### Stored items
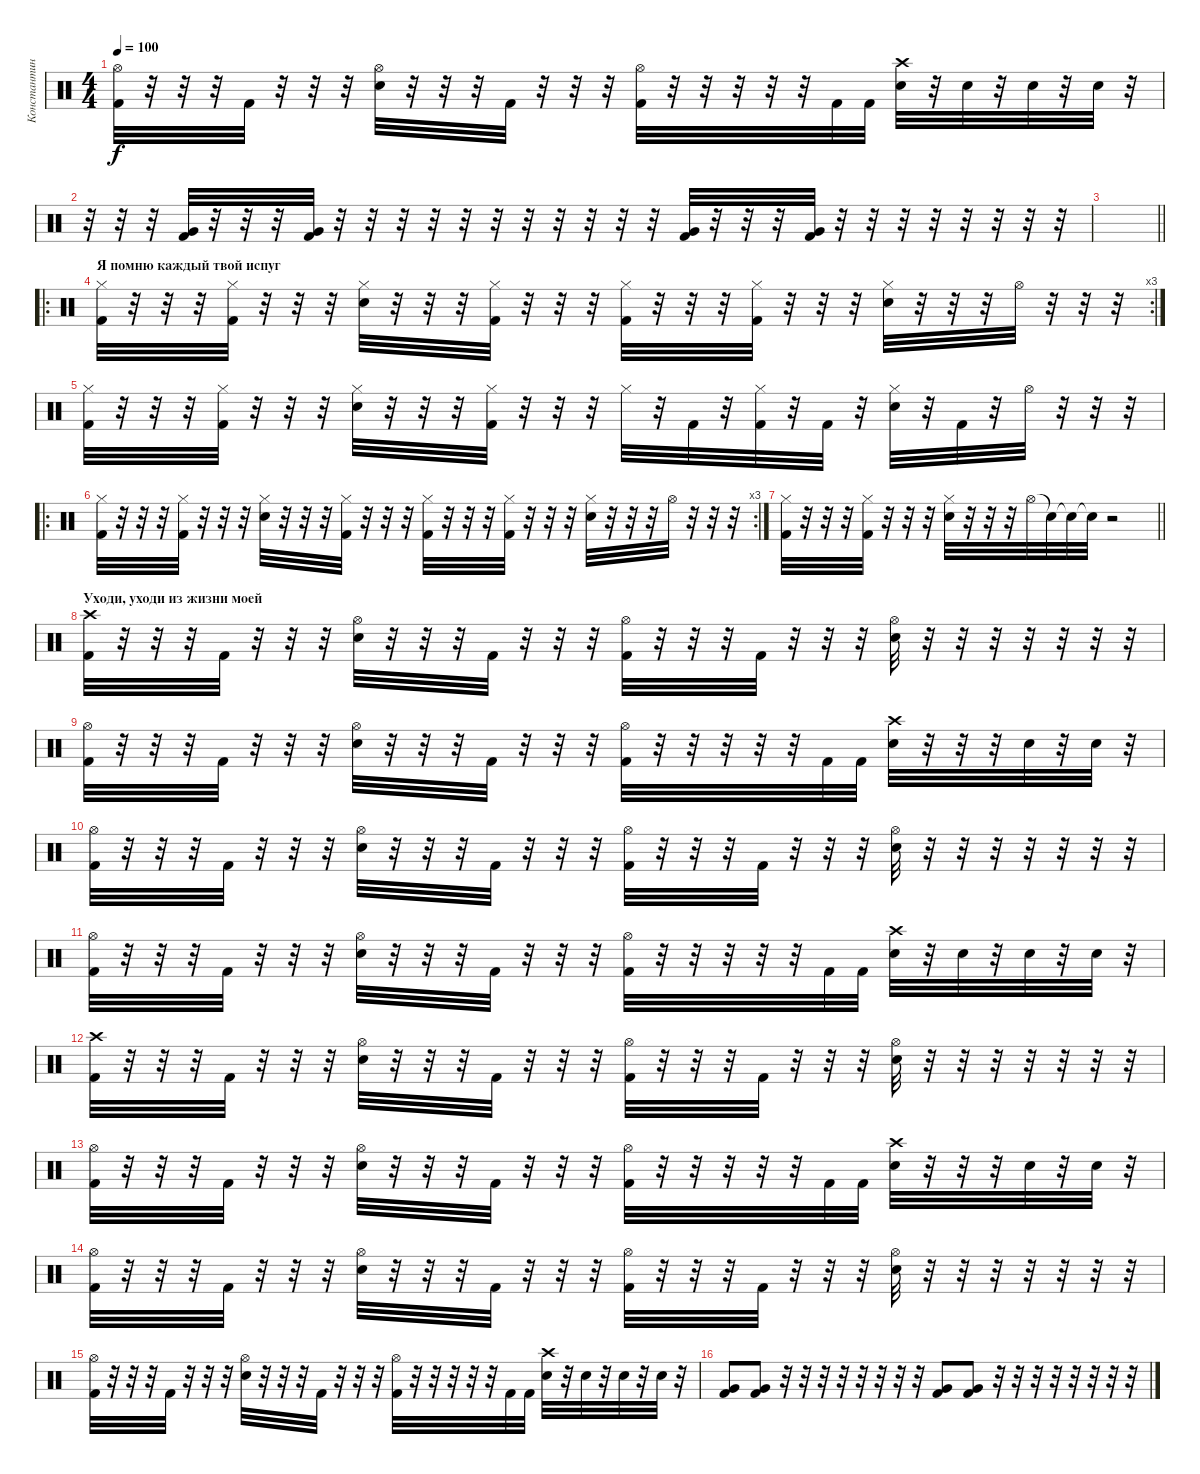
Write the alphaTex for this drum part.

\track ("Константин \"Салян\" Сальников" "Константин") {instrument percussion}
\staff {score}
\articulation defaults
\ts (4 4)
\tempo 100
\clef neutral
\ks c
("Hi-Hat (open)" "Kick (hit) 2").32{dy f} r.32 r.32 r.32 "Kick (hit) 2".32 r.32 r.32 r.32 ("Hi-Hat (open)" "Electric Snare (hit)").32 r.32 r.32 r.32 "Kick (hit) 2".32 r.32 r.32 r.32 ("Hi-Hat (open)" "Kick (hit) 2").32 r.32 r.32 r.32 r.32 r.32 "Kick (hit) 2".32 "Kick (hit) 2".32 ("Crash high (hit)" "Electric Snare (hit)").32 r.32 "Electric Snare (hit)".32 r.32 "Electric Snare (hit)".32 r.32 "Electric Snare (hit)".32 r.32 |
r.32 r.32 r.32 ("Very Low Tom (hit)" "Kick (hit) 2").32 r.32 r.32 r.32 ("Very Low Tom (hit)" "Kick (hit) 2").32 r.32 r.32 r.32 r.32 r.32 r.32 r.32 r.32 r.32 r.32 r.32 ("Very Low Tom (hit)" "Kick (hit) 2").32 r.32 r.32 r.32 ("Very Low Tom (hit)" "Kick (hit) 2").32 r.32 r.32 r.32 r.32 r.32 r.32 r.32 r.32 |
\barLineRight lightlight
|
\ro
\rc 3
\section ("" "Я помню каждый твой испуг")
("Hi-Hat (closed)" "Kick (hit) 2").32 r.32 r.32 r.32 ("Hi-Hat (closed)" "Kick (hit) 2").32 r.32 r.32 r.32 ("Hi-Hat (closed)" "Electric Snare (hit)").32 r.32 r.32 r.32 ("Hi-Hat (closed)" "Kick (hit) 2").32 r.32 r.32 r.32 ("Hi-Hat (closed)" "Kick (hit) 2").32 r.32 r.32 r.32 ("Hi-Hat (closed)" "Kick (hit) 2").32 r.32 r.32 r.32 ("Hi-Hat (closed)" "Electric Snare (hit)").32 r.32 r.32 r.32 "Hi-Hat (open)".32 r.32 r.32 r.32 |
("Hi-Hat (closed)" "Kick (hit) 2").32 r.32 r.32 r.32 ("Hi-Hat (closed)" "Kick (hit) 2").32 r.32 r.32 r.32 ("Hi-Hat (closed)" "Electric Snare (hit)").32 r.32 r.32 r.32 ("Hi-Hat (closed)" "Kick (hit) 2").32 r.32 r.32 r.32 "Hi-Hat (closed)".32 r.32 "Kick (hit) 2".32 r.32 ("Hi-Hat (closed)" "Kick (hit) 2").32 r.32 "Kick (hit) 2".32 r.32 ("Hi-Hat (closed)" "Electric Snare (hit)").32 r.32 "Kick (hit) 2".32 r.32 "Hi-Hat (open)".32 r.32 r.32 r.32 |
\ro
\rc 3
("Hi-Hat (closed)" "Kick (hit) 2").32 r.32 r.32 r.32 ("Hi-Hat (closed)" "Kick (hit) 2").32 r.32 r.32 r.32 ("Hi-Hat (closed)" "Electric Snare (hit)").32 r.32 r.32 r.32 ("Hi-Hat (closed)" "Kick (hit) 2").32 r.32 r.32 r.32 ("Hi-Hat (closed)" "Kick (hit) 2").32 r.32 r.32 r.32 ("Hi-Hat (closed)" "Kick (hit) 2").32 r.32 r.32 r.32 ("Hi-Hat (closed)" "Electric Snare (hit)").32 r.32 r.32 r.32 "Hi-Hat (open)".32 r.32 r.32 r.32 |
\barLineRight lightlight
("Hi-Hat (closed)" "Kick (hit) 2").32 r.32 r.32 r.32 ("Hi-Hat (closed)" "Kick (hit) 2").32 r.32 r.32 r.32 ("Hi-Hat (closed)" "Electric Snare (hit)").32 r.32 r.32 r.32 "Hi-Hat (open)".32 "Snare (hit)"{t}.32 "Snare (hit)"{t}.32 "Snare (hit)"{t}.32 r.2 |
\section ("" "Уходи, уходи из жизни моей")
("Crash high (hit)" "Kick (hit) 2").32 r.32 r.32 r.32 "Kick (hit) 2".32 r.32 r.32 r.32 ("Hi-Hat (open)" "Electric Snare (hit)").32 r.32 r.32 r.32 "Kick (hit) 2".32 r.32 r.32 r.32 ("Hi-Hat (open)" "Kick (hit) 2").32 r.32 r.32 r.32 "Kick (hit) 2".32 r.32 r.32 r.32 ("Hi-Hat (open)" "Electric Snare (hit)").32 r.32 r.32 r.32 r.32 r.32 r.32 r.32 |
("Hi-Hat (open)" "Kick (hit) 2").32 r.32 r.32 r.32 "Kick (hit) 2".32 r.32 r.32 r.32 ("Hi-Hat (open)" "Electric Snare (hit)").32 r.32 r.32 r.32 "Kick (hit) 2".32 r.32 r.32 r.32 ("Hi-Hat (open)" "Kick (hit) 2").32 r.32 r.32 r.32 r.32 r.32 "Kick (hit) 2".32 "Kick (hit) 2".32 ("Crash high (hit)" "Electric Snare (hit)").32 r.32 r.32 r.32 "Electric Snare (hit)".32 r.32 "Electric Snare (hit)".32 r.32 |
("Hi-Hat (open)" "Kick (hit) 2").32 r.32 r.32 r.32 "Kick (hit) 2".32 r.32 r.32 r.32 ("Hi-Hat (open)" "Electric Snare (hit)").32 r.32 r.32 r.32 "Kick (hit) 2".32 r.32 r.32 r.32 ("Hi-Hat (open)" "Kick (hit) 2").32 r.32 r.32 r.32 "Kick (hit) 2".32 r.32 r.32 r.32 ("Hi-Hat (open)" "Electric Snare (hit)").32 r.32 r.32 r.32 r.32 r.32 r.32 r.32 |
("Hi-Hat (open)" "Kick (hit) 2").32 r.32 r.32 r.32 "Kick (hit) 2".32 r.32 r.32 r.32 ("Hi-Hat (open)" "Electric Snare (hit)").32 r.32 r.32 r.32 "Kick (hit) 2".32 r.32 r.32 r.32 ("Hi-Hat (open)" "Kick (hit) 2").32 r.32 r.32 r.32 r.32 r.32 "Kick (hit) 2".32 "Kick (hit) 2".32 ("Crash high (hit)" "Electric Snare (hit)").32 r.32 "Electric Snare (hit)".32 r.32 "Electric Snare (hit)".32 r.32 "Electric Snare (hit)".32 r.32 |
("Crash high (hit)" "Kick (hit) 2").32 r.32 r.32 r.32 "Kick (hit) 2".32 r.32 r.32 r.32 ("Hi-Hat (open)" "Electric Snare (hit)").32 r.32 r.32 r.32 "Kick (hit) 2".32 r.32 r.32 r.32 ("Hi-Hat (open)" "Kick (hit) 2").32 r.32 r.32 r.32 "Kick (hit) 2".32 r.32 r.32 r.32 ("Hi-Hat (open)" "Electric Snare (hit)").32 r.32 r.32 r.32 r.32 r.32 r.32 r.32 |
("Hi-Hat (open)" "Kick (hit) 2").32 r.32 r.32 r.32 "Kick (hit) 2".32 r.32 r.32 r.32 ("Hi-Hat (open)" "Electric Snare (hit)").32 r.32 r.32 r.32 "Kick (hit) 2".32 r.32 r.32 r.32 ("Hi-Hat (open)" "Kick (hit) 2").32 r.32 r.32 r.32 r.32 r.32 "Kick (hit) 2".32 "Kick (hit) 2".32 ("Crash high (hit)" "Electric Snare (hit)").32 r.32 r.32 r.32 "Electric Snare (hit)".32 r.32 "Electric Snare (hit)".32 r.32 |
("Hi-Hat (open)" "Kick (hit) 2").32 r.32 r.32 r.32 "Kick (hit) 2".32 r.32 r.32 r.32 ("Hi-Hat (open)" "Electric Snare (hit)").32 r.32 r.32 r.32 "Kick (hit) 2".32 r.32 r.32 r.32 ("Hi-Hat (open)" "Kick (hit) 2").32 r.32 r.32 r.32 "Kick (hit) 2".32 r.32 r.32 r.32 ("Hi-Hat (open)" "Electric Snare (hit)").32 r.32 r.32 r.32 r.32 r.32 r.32 r.32 |
("Hi-Hat (open)" "Kick (hit) 2").32 r.32 r.32 r.32 "Kick (hit) 2".32 r.32 r.32 r.32 ("Hi-Hat (open)" "Electric Snare (hit)").32 r.32 r.32 r.32 "Kick (hit) 2".32 r.32 r.32 r.32 ("Hi-Hat (open)" "Kick (hit) 2").32 r.32 r.32 r.32 r.32 r.32 "Kick (hit) 2".32 "Kick (hit) 2".32 ("Crash high (hit)" "Electric Snare (hit)").32 r.32 "Electric Snare (hit)".32 r.32 "Electric Snare (hit)".32 r.32 "Electric Snare (hit)".32 r.32 |
("Very Low Tom (hit)" "Kick (hit) 2").8 ("Very Low Tom (hit)" "Kick (hit) 2").8 r.32 r.32 r.32 r.32 r.32 r.32 r.32 r.32 ("Very Low Tom (hit)" "Kick (hit) 2").8 ("Very Low Tom (hit)" "Kick (hit) 2").8 r.32 r.32 r.32 r.32 r.32 r.32 r.32 r.32
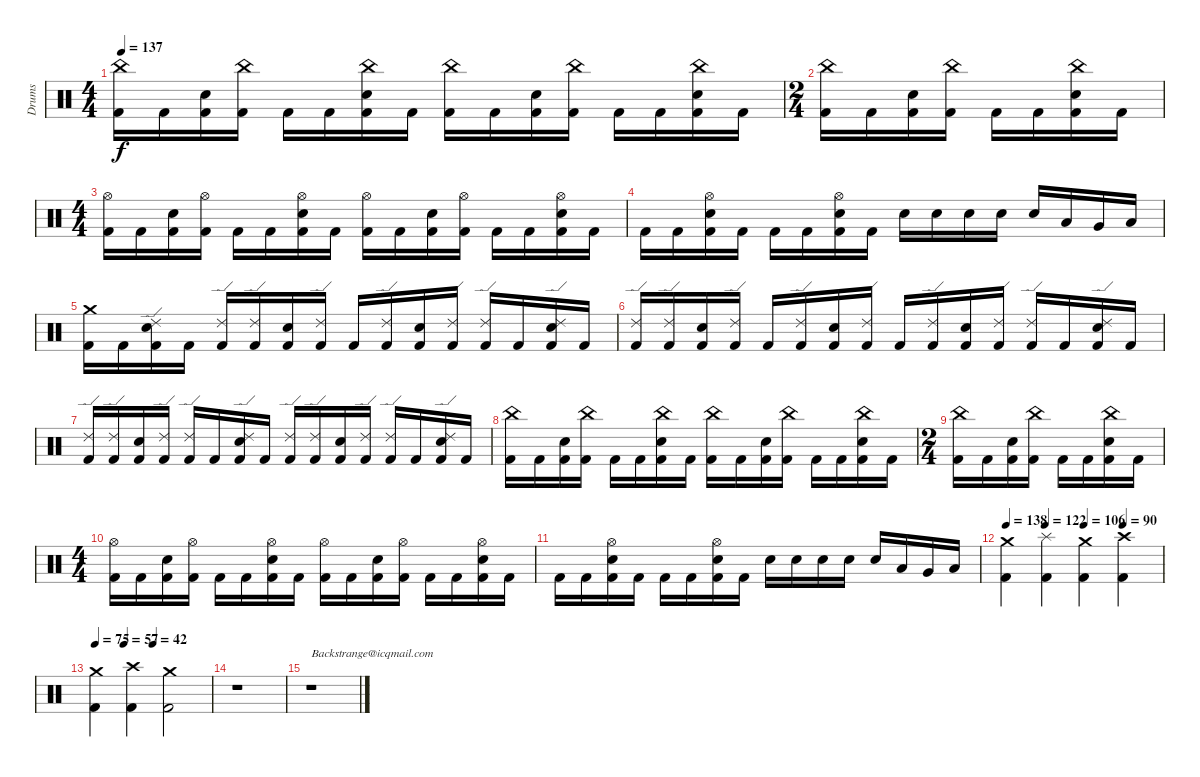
\track ("Drums" "Drums") {instrument percussion}
\staff {score}
\articulation defaults
\ts (4 4)
\tempo 137
\clef neutral
\ks c
("China (hit)" "Kick (hit) 2").16{dy f} "Kick (hit) 2".16 ("Electric Snare (hit)" "Kick (hit) 2").16 ("China (hit)" "Kick (hit) 2").16 "Kick (hit) 2".16 "Kick (hit) 2".16 ("China (hit)" "Electric Snare (hit)" "Kick (hit) 2").16 "Kick (hit) 2".16 ("China (hit)" "Kick (hit) 2").16 "Kick (hit) 2".16 ("Electric Snare (hit)" "Kick (hit) 2").16 ("China (hit)" "Kick (hit) 2").16 "Kick (hit) 2".16 "Kick (hit) 2".16 ("China (hit)" "Electric Snare (hit)" "Kick (hit) 2").16 "Kick (hit) 2".16 |
\ts (2 4)
("China (hit)" "Kick (hit) 2").16 "Kick (hit) 2".16 ("Electric Snare (hit)" "Kick (hit) 2").16 ("China (hit)" "Kick (hit) 2").16 "Kick (hit) 2".16 "Kick (hit) 2".16 ("China (hit)" "Electric Snare (hit)" "Kick (hit) 2").16 "Kick (hit) 2".16 |
\ts (4 4)
("Hi-Hat (open)" "Kick (hit) 2").16 "Kick (hit) 2".16 ("Electric Snare (hit)" "Kick (hit) 2").16 ("Hi-Hat (open)" "Kick (hit) 2").16 "Kick (hit) 2".16 "Kick (hit) 2".16 ("Hi-Hat (open)" "Electric Snare (hit)" "Kick (hit) 2").16 "Kick (hit) 2".16 ("Hi-Hat (open)" "Kick (hit) 2").16 "Kick (hit) 2".16 ("Electric Snare (hit)" "Kick (hit) 2").16 ("Hi-Hat (open)" "Kick (hit) 2").16 "Kick (hit) 2".16 "Kick (hit) 2".16 ("Hi-Hat (open)" "Electric Snare (hit)" "Kick (hit) 2").16 "Kick (hit) 2".16 |
"Kick (hit) 2".16 "Kick (hit) 2".16 ("Hi-Hat (open)" "Electric Snare (hit)" "Kick (hit) 2").16 "Kick (hit) 2".16 "Kick (hit) 2".16 "Kick (hit) 2".16 ("Hi-Hat (open)" "Electric Snare (hit)" "Kick (hit) 2").16 "Kick (hit) 2".16 "Electric Snare (hit)".16 "Electric Snare (hit)".16 "Electric Snare (hit)".16 "Electric Snare (hit)".16 "Electric Snare (hit)".16 "Low Tom (hit)".16 "Very Low Tom (hit)".16 "Low Floor Tom (hit)".16 |
("Crash medium (hit)" "Kick (hit) 2").16 "Kick (hit) 2".16 ("Ride (edge) 2" "Electric Snare (hit)" "Kick (hit) 2").16 "Kick (hit) 2".16 ("Ride (edge) 2" "Kick (hit) 2").16 ("Ride (edge) 2" "Kick (hit) 2").16 ("Electric Snare (hit)" "Kick (hit) 2").16 ("Ride (edge) 2" "Kick (hit) 2").16 "Kick (hit) 2".16 ("Ride (edge) 2" "Kick (hit) 2").16 ("Electric Snare (hit)" "Kick (hit) 2").16 ("Ride (edge) 2" "Kick (hit) 2").16 ("Ride (edge) 2" "Kick (hit) 2").16 "Kick (hit) 2".16 ("Ride (edge) 2" "Electric Snare (hit)" "Kick (hit) 2").16 "Kick (hit) 2".16 |
("Ride (edge) 2" "Kick (hit) 2").16 ("Ride (edge) 2" "Kick (hit) 2").16 ("Electric Snare (hit)" "Kick (hit) 2").16 ("Ride (edge) 2" "Kick (hit) 2").16 "Kick (hit) 2".16 ("Ride (edge) 2" "Kick (hit) 2").16 ("Electric Snare (hit)" "Kick (hit) 2").16 ("Ride (edge) 2" "Kick (hit) 2").16 "Kick (hit) 2".16 ("Ride (edge) 2" "Kick (hit) 2").16 ("Electric Snare (hit)" "Kick (hit) 2").16 ("Ride (edge) 2" "Kick (hit) 2").16 ("Ride (edge) 2" "Kick (hit) 2").16 "Kick (hit) 2".16 ("Ride (edge) 2" "Electric Snare (hit)" "Kick (hit) 2").16 "Kick (hit) 2".16 |
("Ride (edge) 2" "Kick (hit) 2").16 ("Ride (edge) 2" "Kick (hit) 2").16 ("Electric Snare (hit)" "Kick (hit) 2").16 ("Ride (edge) 2" "Kick (hit) 2").16 ("Ride (edge) 2" "Kick (hit) 2").16 "Kick (hit) 2".16 ("Ride (edge) 2" "Electric Snare (hit)" "Kick (hit) 2").16 "Kick (hit) 2".16 ("Ride (edge) 2" "Kick (hit) 2").16 ("Ride (edge) 2" "Kick (hit) 2").16 ("Electric Snare (hit)" "Kick (hit) 2").16 ("Ride (edge) 2" "Kick (hit) 2").16 ("Ride (edge) 2" "Kick (hit) 2").16 "Kick (hit) 2".16 ("Ride (edge) 2" "Electric Snare (hit)" "Kick (hit) 2").16 "Kick (hit) 2".16 |
("China (hit)" "Kick (hit) 2").16 "Kick (hit) 2".16 ("Electric Snare (hit)" "Kick (hit) 2").16 ("China (hit)" "Kick (hit) 2").16 "Kick (hit) 2".16 "Kick (hit) 2".16 ("China (hit)" "Electric Snare (hit)" "Kick (hit) 2").16 "Kick (hit) 2".16 ("China (hit)" "Kick (hit) 2").16 "Kick (hit) 2".16 ("Electric Snare (hit)" "Kick (hit) 2").16 ("China (hit)" "Kick (hit) 2").16 "Kick (hit) 2".16 "Kick (hit) 2".16 ("China (hit)" "Electric Snare (hit)" "Kick (hit) 2").16 "Kick (hit) 2".16 |
\ts (2 4)
("China (hit)" "Kick (hit) 2").16 "Kick (hit) 2".16 ("Electric Snare (hit)" "Kick (hit) 2").16 ("China (hit)" "Kick (hit) 2").16 "Kick (hit) 2".16 "Kick (hit) 2".16 ("China (hit)" "Electric Snare (hit)" "Kick (hit) 2").16 "Kick (hit) 2".16 |
\ts (4 4)
("Hi-Hat (open)" "Kick (hit) 2").16 "Kick (hit) 2".16 ("Electric Snare (hit)" "Kick (hit) 2").16 ("Hi-Hat (open)" "Kick (hit) 2").16 "Kick (hit) 2".16 "Kick (hit) 2".16 ("Hi-Hat (open)" "Electric Snare (hit)" "Kick (hit) 2").16 "Kick (hit) 2".16 ("Hi-Hat (open)" "Kick (hit) 2").16 "Kick (hit) 2".16 ("Electric Snare (hit)" "Kick (hit) 2").16 ("Hi-Hat (open)" "Kick (hit) 2").16 "Kick (hit) 2".16 "Kick (hit) 2".16 ("Hi-Hat (open)" "Electric Snare (hit)" "Kick (hit) 2").16 "Kick (hit) 2".16 |
"Kick (hit) 2".16 "Kick (hit) 2".16 ("Hi-Hat (open)" "Electric Snare (hit)" "Kick (hit) 2").16 "Kick (hit) 2".16 "Kick (hit) 2".16 "Kick (hit) 2".16 ("Hi-Hat (open)" "Electric Snare (hit)" "Kick (hit) 2").16 "Kick (hit) 2".16 "Electric Snare (hit)".16 "Electric Snare (hit)".16 "Electric Snare (hit)".16 "Electric Snare (hit)".16 "Electric Snare (hit)".16 "Low Tom (hit)".16 "Very Low Tom (hit)".16 "Low Floor Tom (hit)".16 |
\tempo 138
\tempo (122 0.25)
\tempo (106 0.5)
\tempo (90 0.75)
("Crash medium (hit)" "Kick (hit) 2").4 ("Splash (hit)" "Kick (hit) 2").4 ("Crash medium (hit)" "Kick (hit) 2").4 ("Crash high (hit)" "Kick (hit) 2").4 |
\tempo 75
\tempo (57 0.25)
\tempo (42 0.5)
("Crash medium (hit)" "Kick (hit) 2").4 ("Crash high (hit)" "Kick (hit) 2").4 ("Crash medium (hit)" "Kick (hit) 2").2 |
r.1 |
r.1{txt "Backstrange@icqmail.com"}

### PROBLEM STATEMENT
Look through the records above for the string "instrument", then copy every line that has it.

### FINISHED EXERCISE
\track ("Константин \"Салян\" Сальников" "Константин") {instrument percussion}
\track ("Drums" "Drums") {instrument percussion}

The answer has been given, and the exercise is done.